The advantages of these remote backup services are that they provide a measure of protection against local threats such as fire, flood or burglary by storing data off-site. However, this may also be seen as a disadvantage in that subscribers' data is no longer under their direct control. Customers must rely on the internet backup company to keep their data secure and always available. And what happens to your data if, for example, the internet backup company goes out of business?

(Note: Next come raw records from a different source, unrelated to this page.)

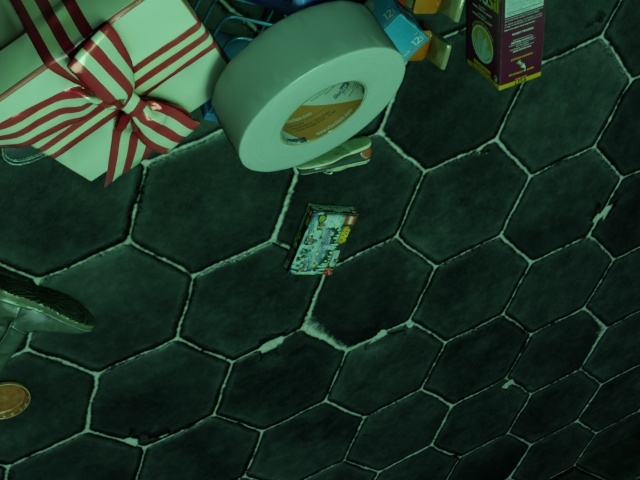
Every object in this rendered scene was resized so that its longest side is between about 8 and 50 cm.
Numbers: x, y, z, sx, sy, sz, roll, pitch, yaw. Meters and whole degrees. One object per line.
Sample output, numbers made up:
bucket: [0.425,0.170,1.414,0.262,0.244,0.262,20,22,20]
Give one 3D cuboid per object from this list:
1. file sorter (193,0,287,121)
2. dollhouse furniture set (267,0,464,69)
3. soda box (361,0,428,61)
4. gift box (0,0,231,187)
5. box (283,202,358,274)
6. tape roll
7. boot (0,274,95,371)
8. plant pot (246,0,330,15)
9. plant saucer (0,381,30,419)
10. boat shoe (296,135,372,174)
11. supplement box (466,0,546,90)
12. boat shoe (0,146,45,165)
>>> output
file sorter: [-0.097,-0.243,1.066,0.118,0.170,0.104,4,141,-32]
dollhouse furniture set: [0.082,-0.339,1.128,0.261,0.135,0.259,-7,130,-25]
soda box: [0.037,-0.232,1.101,0.210,0.067,0.071,-41,142,21]
gift box: [-0.267,-0.215,0.905,0.276,0.258,0.255,-37,161,7]
box: [0.000,0.000,1.449,0.093,0.027,0.137,2,125,-32]
tape roll: [-0.013,-0.173,0.949,0.219,0.072,0.219,-27,163,-9]
boot: [-0.481,0.165,1.281,0.189,0.076,0.209,27,104,-27]
plant pot: [-0.039,-0.417,0.916,0.212,0.236,0.236,-38,141,-30]
plant saucer: [-0.532,0.267,1.382,0.083,0.013,0.084,-16,134,-18]
boat shoe: [0.023,-0.130,1.339,0.137,0.049,0.043,-21,137,-20]
supplement box: [0.283,-0.343,1.263,0.080,0.104,0.188,-21,134,-12]
boat shoe: [-0.318,-0.175,1.080,0.254,0.079,0.095,-33,136,-1]
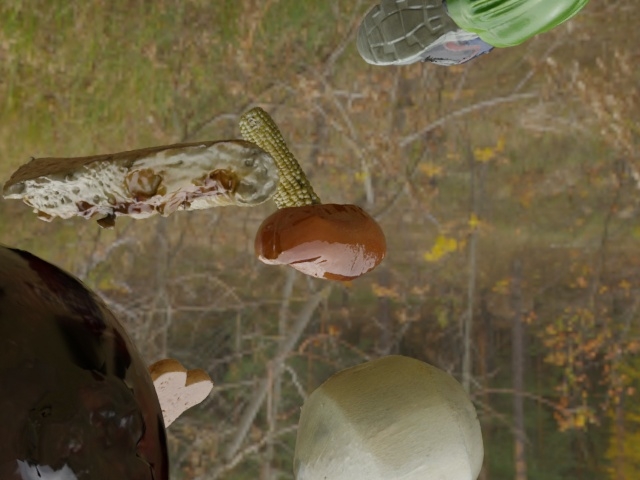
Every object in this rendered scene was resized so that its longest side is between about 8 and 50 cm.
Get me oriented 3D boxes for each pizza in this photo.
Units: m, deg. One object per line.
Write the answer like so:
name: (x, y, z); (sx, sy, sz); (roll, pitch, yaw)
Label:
pizza: (-0.190, -0.054, 0.955); (0.365, 0.074, 0.182); (-1, -172, 33)

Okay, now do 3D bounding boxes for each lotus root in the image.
lotus root: (0.236, -0.301, 1.022); (0.186, 0.186, 0.186); (1, 171, 0)

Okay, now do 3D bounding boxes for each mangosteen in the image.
mangosteen: (-0.328, 0.186, 0.728); (0.421, 0.381, 0.381); (-14, 171, -3)

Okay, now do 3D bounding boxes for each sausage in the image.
sausage: (0.000, 0.000, 1.051); (0.089, 0.089, 0.179); (-7, 173, 40)

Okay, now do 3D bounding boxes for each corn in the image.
corn: (-0.076, -0.129, 2.033); (0.097, 0.320, 0.097); (-27, -168, 6)

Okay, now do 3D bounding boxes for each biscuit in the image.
biscuit: (-0.257, 0.247, 1.256); (0.036, 0.250, 0.165); (45, 180, 27)

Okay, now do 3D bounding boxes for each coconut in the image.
coconut: (0.075, 0.283, 1.318); (0.247, 0.245, 0.245); (-13, 176, -21)

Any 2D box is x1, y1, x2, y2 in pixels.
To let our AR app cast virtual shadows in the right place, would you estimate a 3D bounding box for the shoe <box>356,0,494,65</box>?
shoe: (0.162, -0.291, 1.359); (0.227, 0.099, 0.125); (-14, 168, 3)
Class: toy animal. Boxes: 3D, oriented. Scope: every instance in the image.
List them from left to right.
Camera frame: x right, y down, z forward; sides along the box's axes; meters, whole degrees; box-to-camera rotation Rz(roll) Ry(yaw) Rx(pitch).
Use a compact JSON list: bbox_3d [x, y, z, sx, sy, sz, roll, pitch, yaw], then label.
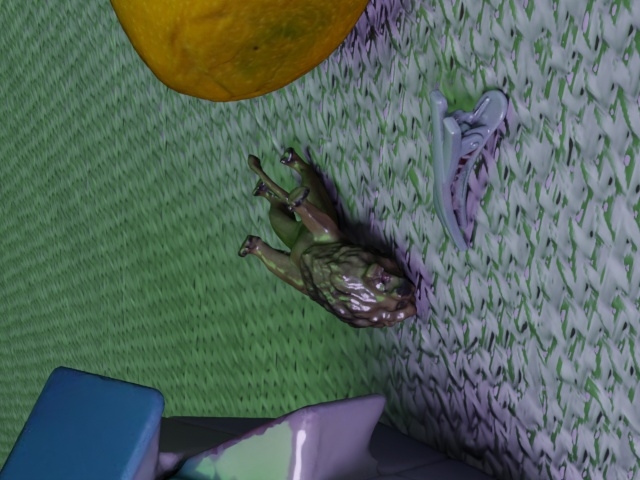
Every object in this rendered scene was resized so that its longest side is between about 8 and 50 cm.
[{"bbox_3d":[-0.014,-0.008,0.915,0.069,0.086,0.219,-52,38,13],"label":"toy animal"}]

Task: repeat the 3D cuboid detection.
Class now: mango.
[{"bbox_3d":[-0.033,-0.219,0.746,0.187,0.144,0.359,43,138,22],"label":"mango"}]

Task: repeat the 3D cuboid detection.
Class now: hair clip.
[{"bbox_3d":[0.079,-0.038,0.753,0.115,0.039,0.030,89,165,-55],"label":"hair clip"}]

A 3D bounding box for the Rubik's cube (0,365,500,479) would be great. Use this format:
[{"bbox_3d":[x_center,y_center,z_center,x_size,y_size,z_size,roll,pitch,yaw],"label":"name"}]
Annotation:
[{"bbox_3d":[-0.032,0.261,0.790,0.387,0.368,0.358,-169,84,-66],"label":"Rubik's cube"}]
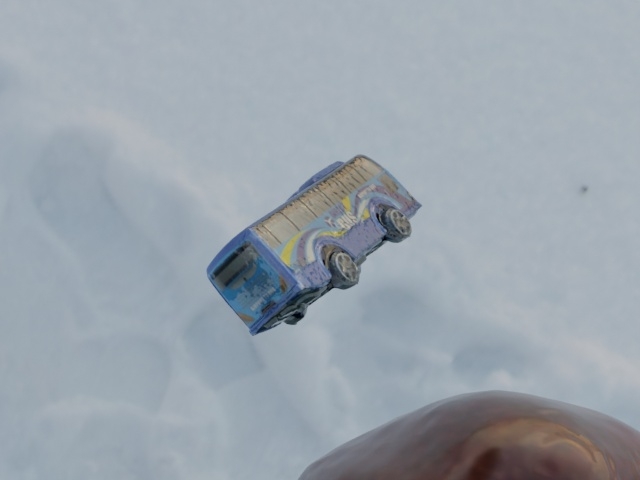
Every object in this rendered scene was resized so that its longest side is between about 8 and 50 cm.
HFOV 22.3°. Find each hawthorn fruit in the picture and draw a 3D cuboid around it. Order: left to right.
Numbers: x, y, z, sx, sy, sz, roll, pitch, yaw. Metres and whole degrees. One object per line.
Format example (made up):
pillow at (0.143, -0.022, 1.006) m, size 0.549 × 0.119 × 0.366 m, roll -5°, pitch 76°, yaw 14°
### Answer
hawthorn fruit at (0.093, 0.245, 1.035) m, size 0.308 × 0.325 × 0.308 m, roll 26°, pitch 57°, yaw -49°

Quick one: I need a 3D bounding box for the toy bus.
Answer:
toy bus at (0.000, 0.000, 0.873) m, size 0.061 × 0.051 × 0.153 m, roll 50°, pitch 33°, yaw 1°
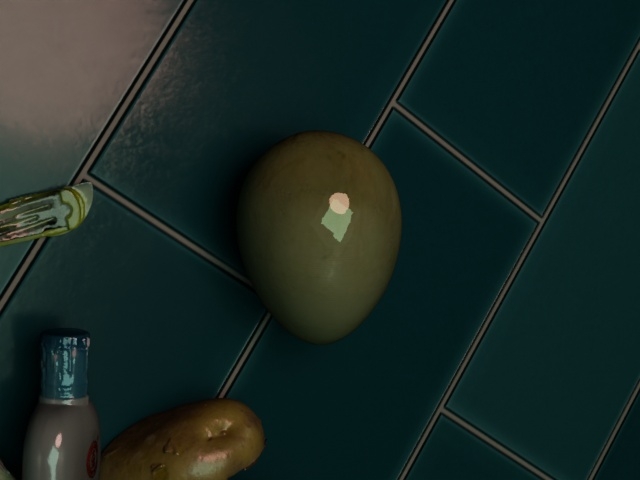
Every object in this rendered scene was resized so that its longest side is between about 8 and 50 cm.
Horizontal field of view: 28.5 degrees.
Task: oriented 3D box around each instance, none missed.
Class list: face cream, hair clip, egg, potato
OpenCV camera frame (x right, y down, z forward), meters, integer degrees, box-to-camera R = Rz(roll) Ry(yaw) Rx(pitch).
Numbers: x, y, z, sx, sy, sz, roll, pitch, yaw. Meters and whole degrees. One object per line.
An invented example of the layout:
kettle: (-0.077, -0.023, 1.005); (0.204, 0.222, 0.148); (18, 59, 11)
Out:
face cream: (-0.321, 0.278, 1.565); (0.080, 0.163, 0.336); (3, 95, 7)
hair clip: (-0.369, -0.023, 1.565); (0.188, 0.033, 0.060); (-18, 106, -28)
egg: (0.000, 0.000, 1.664); (0.218, 0.218, 0.295); (-16, 114, -26)
potato: (-0.181, 0.277, 1.645); (0.243, 0.138, 0.098); (-26, 103, -26)

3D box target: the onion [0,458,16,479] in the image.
onion: (-0.451, 0.324, 1.522); (0.151, 0.098, 0.206); (-24, 106, -48)
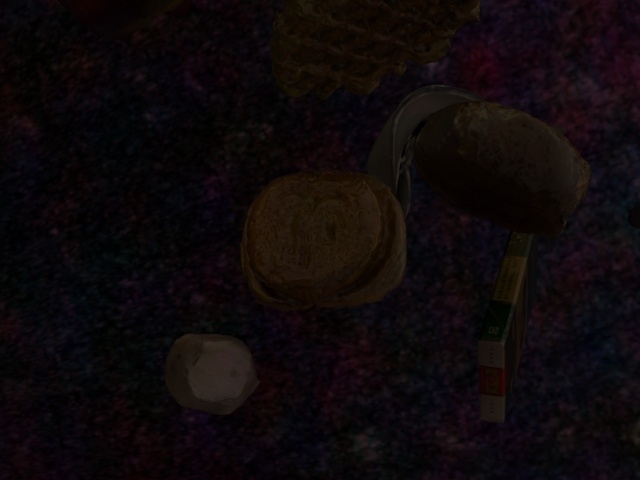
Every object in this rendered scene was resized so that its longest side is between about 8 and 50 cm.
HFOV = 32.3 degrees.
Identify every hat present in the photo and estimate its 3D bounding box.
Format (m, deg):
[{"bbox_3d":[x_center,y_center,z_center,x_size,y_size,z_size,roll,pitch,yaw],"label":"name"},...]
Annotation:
[{"bbox_3d":[0.164,-0.185,1.909,0.258,0.301,0.168,-40,66,-4],"label":"hat"}]

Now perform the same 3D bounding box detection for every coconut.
[{"bbox_3d":[-0.134,0.173,1.430,0.124,0.110,0.110,11,69,-25],"label":"coconut"}]

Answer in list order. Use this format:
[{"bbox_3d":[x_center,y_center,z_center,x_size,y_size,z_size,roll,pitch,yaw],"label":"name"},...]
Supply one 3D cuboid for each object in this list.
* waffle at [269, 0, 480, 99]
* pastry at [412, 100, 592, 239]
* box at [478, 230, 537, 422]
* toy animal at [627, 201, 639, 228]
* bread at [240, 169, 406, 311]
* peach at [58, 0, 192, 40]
[{"bbox_3d":[0.075,-0.294,1.478,0.302,0.325,0.068,-18,71,-7],"label":"waffle"},{"bbox_3d":[0.200,-0.082,1.215,0.192,0.182,0.093,24,77,11],"label":"pastry"},{"bbox_3d":[0.227,0.088,1.324,0.235,0.034,0.132,-65,156,-46],"label":"box"},{"bbox_3d":[0.302,-0.174,0.630,0.081,0.205,0.367,41,58,-47],"label":"toy animal"},{"bbox_3d":[0.000,-0.003,1.526,0.120,0.236,0.198,61,27,-66],"label":"bread"},{"bbox_3d":[-0.026,-0.279,0.535,0.335,0.406,0.310,-24,97,-19],"label":"peach"}]
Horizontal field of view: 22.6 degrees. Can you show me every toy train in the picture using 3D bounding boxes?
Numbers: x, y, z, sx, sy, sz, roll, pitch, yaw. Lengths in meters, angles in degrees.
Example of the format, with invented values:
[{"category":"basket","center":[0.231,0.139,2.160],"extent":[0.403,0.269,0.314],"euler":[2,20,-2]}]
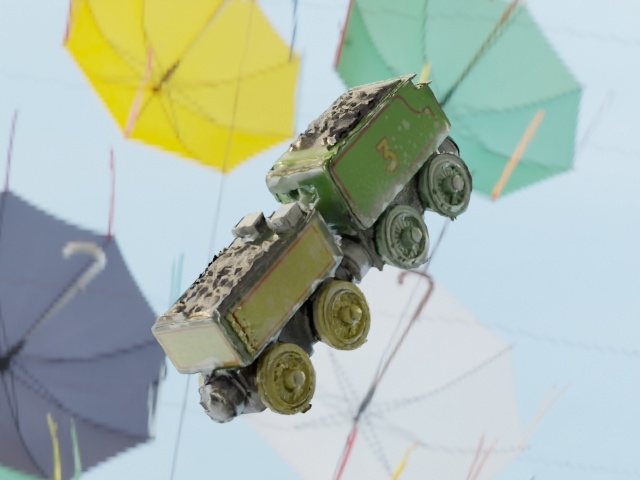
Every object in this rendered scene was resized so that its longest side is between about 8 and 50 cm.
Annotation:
[{"category":"toy train","center":[0.000,0.000,0.734],"extent":[0.202,0.060,0.081],"euler":[-49,-64,-38]}]
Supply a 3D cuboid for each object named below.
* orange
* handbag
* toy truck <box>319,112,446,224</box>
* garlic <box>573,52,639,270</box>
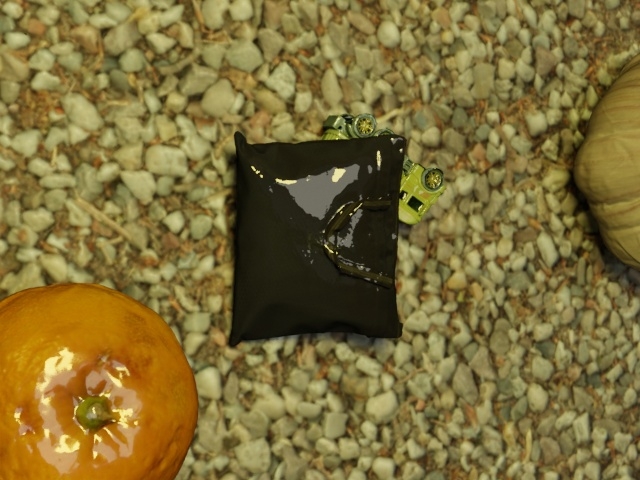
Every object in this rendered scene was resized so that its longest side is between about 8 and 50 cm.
[{"bbox_3d":[-0.254,0.170,1.102,0.261,0.261,0.261,1,89,-26],"label":"orange"},{"bbox_3d":[0.000,0.000,1.286,0.211,0.089,0.254,0,101,-10],"label":"handbag"},{"bbox_3d":[0.064,-0.082,1.348,0.169,0.077,0.100,36,84,-21],"label":"toy truck"},{"bbox_3d":[0.488,-0.109,1.454,0.317,0.259,0.318,-1,93,-29],"label":"garlic"}]
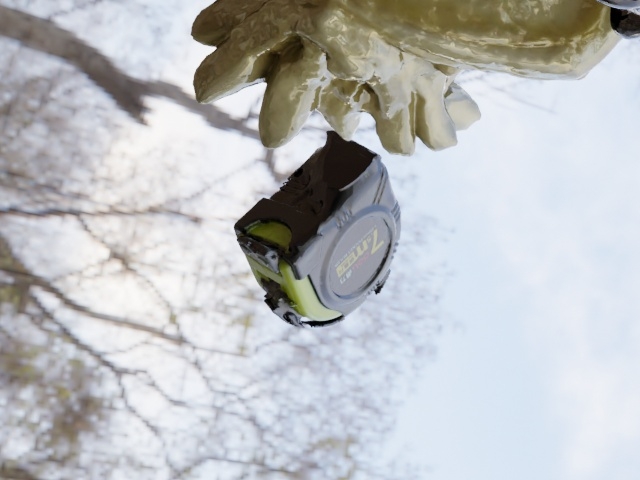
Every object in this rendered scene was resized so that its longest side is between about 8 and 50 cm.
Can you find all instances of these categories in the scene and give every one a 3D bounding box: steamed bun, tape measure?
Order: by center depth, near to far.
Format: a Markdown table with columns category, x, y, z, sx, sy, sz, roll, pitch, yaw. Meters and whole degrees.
| category | x | y | z | sx | sy | sz | roll | pitch | yaw |
| --- | --- | --- | --- | --- | --- | --- | --- | --- | --- |
| steamed bun | 0.035 | -0.198 | 1.234 | 0.189 | 0.428 | 0.247 | 132 | -26 | -70 |
| tape measure | 0.000 | 0.000 | 1.696 | 0.112 | 0.186 | 0.199 | 31 | -114 | 35 |

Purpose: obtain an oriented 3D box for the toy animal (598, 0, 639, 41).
| category | x | y | z | sx | sy | sz | roll | pitch | yaw |
| --- | --- | --- | --- | --- | --- | --- | --- | --- | --- |
| toy animal | 0.217 | -0.144 | 0.847 | 0.160 | 0.197 | 0.272 | -45 | -156 | 8 |
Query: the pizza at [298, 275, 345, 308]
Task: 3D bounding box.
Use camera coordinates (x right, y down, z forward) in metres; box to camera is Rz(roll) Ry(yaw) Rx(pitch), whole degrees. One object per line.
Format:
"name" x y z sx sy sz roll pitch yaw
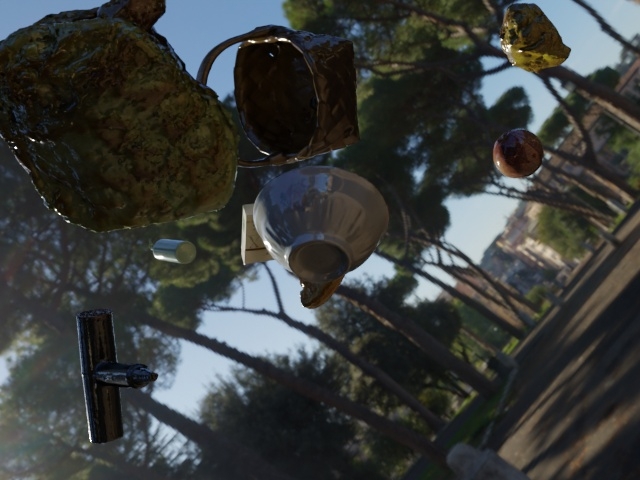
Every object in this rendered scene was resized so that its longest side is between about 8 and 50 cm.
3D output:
"pizza" 0.025 0.014 1.229 0.058 0.127 0.247 13 -90 -40

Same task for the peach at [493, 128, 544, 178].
"peach" 0.324 -0.143 1.088 0.083 0.083 0.083 -47 -14 -16

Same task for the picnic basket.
"picnic basket" -0.120 -0.300 1.397 0.337 0.337 0.293 -31 -61 -55

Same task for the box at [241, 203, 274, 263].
"box" -0.130 -0.016 1.458 0.083 0.040 0.154 -10 -43 -17

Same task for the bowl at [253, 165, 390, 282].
"bowl" 0.000 0.000 0.881 0.189 0.188 0.086 115 164 -44

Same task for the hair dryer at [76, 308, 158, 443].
"hair dryer" -0.243 0.184 0.814 0.050 0.194 0.173 -11 -78 -37

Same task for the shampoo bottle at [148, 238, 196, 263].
"shampoo bottle" -0.372 0.024 1.619 0.056 0.056 0.195 -44 26 -27

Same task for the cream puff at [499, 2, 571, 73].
"cream puff" 0.234 -0.222 0.739 0.058 0.083 0.083 -41 -19 17

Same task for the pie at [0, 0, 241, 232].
"pie" -0.354 -0.187 1.134 0.395 0.418 0.180 -17 33 9
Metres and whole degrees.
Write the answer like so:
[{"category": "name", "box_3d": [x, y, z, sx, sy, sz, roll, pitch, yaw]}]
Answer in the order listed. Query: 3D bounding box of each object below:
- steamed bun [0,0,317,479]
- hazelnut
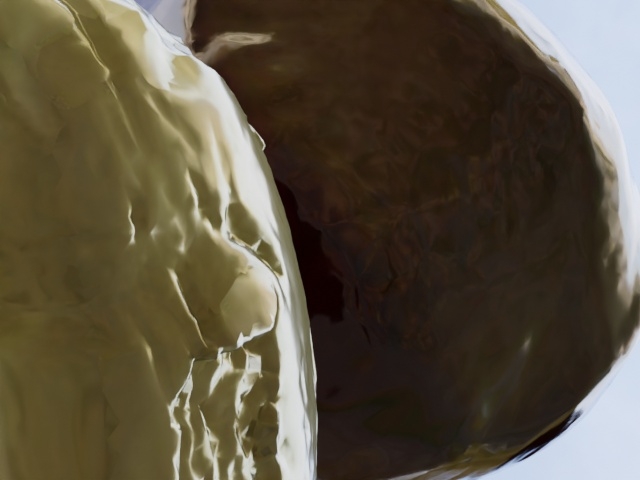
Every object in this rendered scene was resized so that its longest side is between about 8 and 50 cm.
[{"category": "steamed bun", "box_3d": [-0.101, 0.051, 0.475, 0.166, 0.232, 0.273, -24, -66, -59]}, {"category": "hazelnut", "box_3d": [0.000, 0.000, 0.663, 0.229, 0.229, 0.229, 7, -103, -33]}]
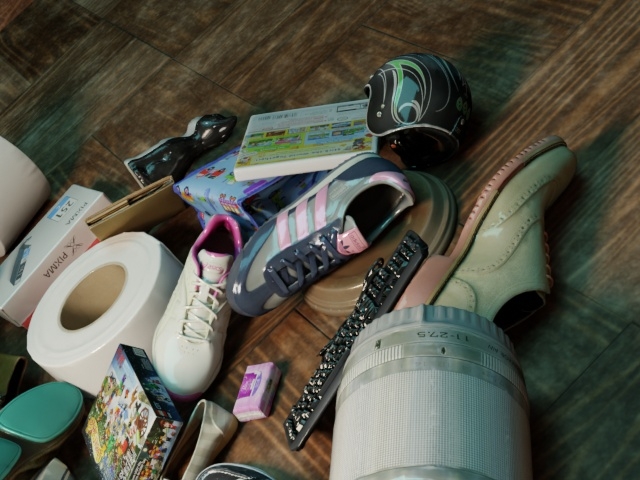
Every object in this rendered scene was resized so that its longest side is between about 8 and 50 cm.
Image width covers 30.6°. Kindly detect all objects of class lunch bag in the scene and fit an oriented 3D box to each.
[{"bbox_3d":[-0.060,-0.118,1.952,0.293,0.138,0.221,-43,31,-21],"label":"lunch bag"}]

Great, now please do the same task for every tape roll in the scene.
[{"bbox_3d":[-0.351,0.121,1.963,0.286,0.100,0.286,-26,36,21],"label":"tape roll"},{"bbox_3d":[-0.706,-0.104,2.422,0.246,0.246,0.169,4,53,45],"label":"tape roll"}]

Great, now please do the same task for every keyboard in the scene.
[{"bbox_3d":[0.041,0.123,1.562,0.317,0.033,0.201,-57,6,4],"label":"keyboard"}]

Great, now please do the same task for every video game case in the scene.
[{"bbox_3d":[-0.015,-0.164,1.878,0.226,0.026,0.206,-7,29,9],"label":"video game case"}]

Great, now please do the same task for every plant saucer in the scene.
[{"bbox_3d":[0.075,-0.007,1.760,0.277,0.041,0.278,-25,38,21],"label":"plant saucer"}]

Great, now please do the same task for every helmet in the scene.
[{"bbox_3d":[0.150,-0.210,1.811,0.169,0.169,0.162,-15,57,32],"label":"helmet"}]

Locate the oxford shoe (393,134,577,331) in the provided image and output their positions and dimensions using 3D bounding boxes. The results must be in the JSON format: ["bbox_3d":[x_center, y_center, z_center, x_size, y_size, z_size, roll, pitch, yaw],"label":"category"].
[{"bbox_3d":[0.245,0.027,1.519,0.146,0.140,0.397,29,64,21],"label":"oxford shoe"}]

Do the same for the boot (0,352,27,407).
[{"bbox_3d":[-0.614,0.192,2.092,0.280,0.096,0.264,8,71,48],"label":"boot"}]

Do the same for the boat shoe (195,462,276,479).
[{"bbox_3d":[-0.086,0.343,1.461,0.108,0.102,0.301,-48,35,-11],"label":"boat shoe"}]

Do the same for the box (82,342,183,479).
[{"bbox_3d":[-0.278,0.272,1.701,0.159,0.044,0.233,-65,28,11],"label":"box"}]

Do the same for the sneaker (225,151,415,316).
[{"bbox_3d":[0.000,0.000,1.689,0.319,0.112,0.131,-45,32,-5],"label":"sneaker"}]

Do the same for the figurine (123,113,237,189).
[{"bbox_3d":[-0.253,-0.168,2.180,0.209,0.092,0.215,-36,12,-7],"label":"figurine"}]

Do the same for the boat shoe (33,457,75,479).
[{"bbox_3d":[-0.356,0.411,1.643,0.127,0.158,0.340,-50,7,-6],"label":"boat shoe"}]

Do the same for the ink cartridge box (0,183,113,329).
[{"bbox_3d":[-0.490,0.036,2.219,0.296,0.066,0.261,-52,35,-16],"label":"ink cartridge box"}]

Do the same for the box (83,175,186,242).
[{"bbox_3d":[-0.319,-0.046,2.049,0.164,0.021,0.201,-29,-10,-6],"label":"box"}]

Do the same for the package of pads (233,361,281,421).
[{"bbox_3d":[-0.091,0.217,1.670,0.050,0.032,0.083,-13,42,31],"label":"package of pads"}]

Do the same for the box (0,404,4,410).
[{"bbox_3d":[-0.620,0.352,1.786,0.182,0.296,0.294,-25,38,20],"label":"box"}]

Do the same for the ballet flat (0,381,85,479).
[{"bbox_3d":[-0.464,0.334,1.763,0.342,0.116,0.124,-60,-10,-67],"label":"ballet flat"}]

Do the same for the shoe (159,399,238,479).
[{"bbox_3d":[-0.193,0.321,1.624,0.076,0.058,0.219,2,54,45],"label":"shoe"}]

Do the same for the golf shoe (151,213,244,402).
[{"bbox_3d":[-0.184,0.093,1.777,0.115,0.140,0.306,13,56,-3],"label":"golf shoe"}]

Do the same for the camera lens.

Data, archiving and the law

In the past, businesses and legal systems dealt with data retention matters based on the assumption that all relevant business records would be on paper. Increasingly this is no longer the case, and many business transactions are now largely, or even completely, carried out electronically. The Data Protection Act (DPA) of 1998 gives individuals the right, on producing evidence of their identity, to have a copy of personal data held about them — including information contained in emails of a personal and biographical nature.

The DPA also requires organisations to take appropriate technical and organisational measures to prevent unauthorised or unlawful processing of personal data and against accidental loss or destruction of personal data. Archived data can be particularly vulnerable to all of these hazards.

Email can often be regarded as transitory, and many email clients have a capacity limit and aren’t designed to archive email indefinitely. However, there are a number of situations where companies are apparently legally required to retain email for up to six years. Small companies using external email services such as AOL may find themselves particularly exposed.

In reality it may prove to be impractical, or at least extremely difficult, for small companies to comply with future and even current legislation regarding data retention. Nevertheless, if they have not already done so, SMEs would be prudent to review their backup and archiving strategies as soon as possible.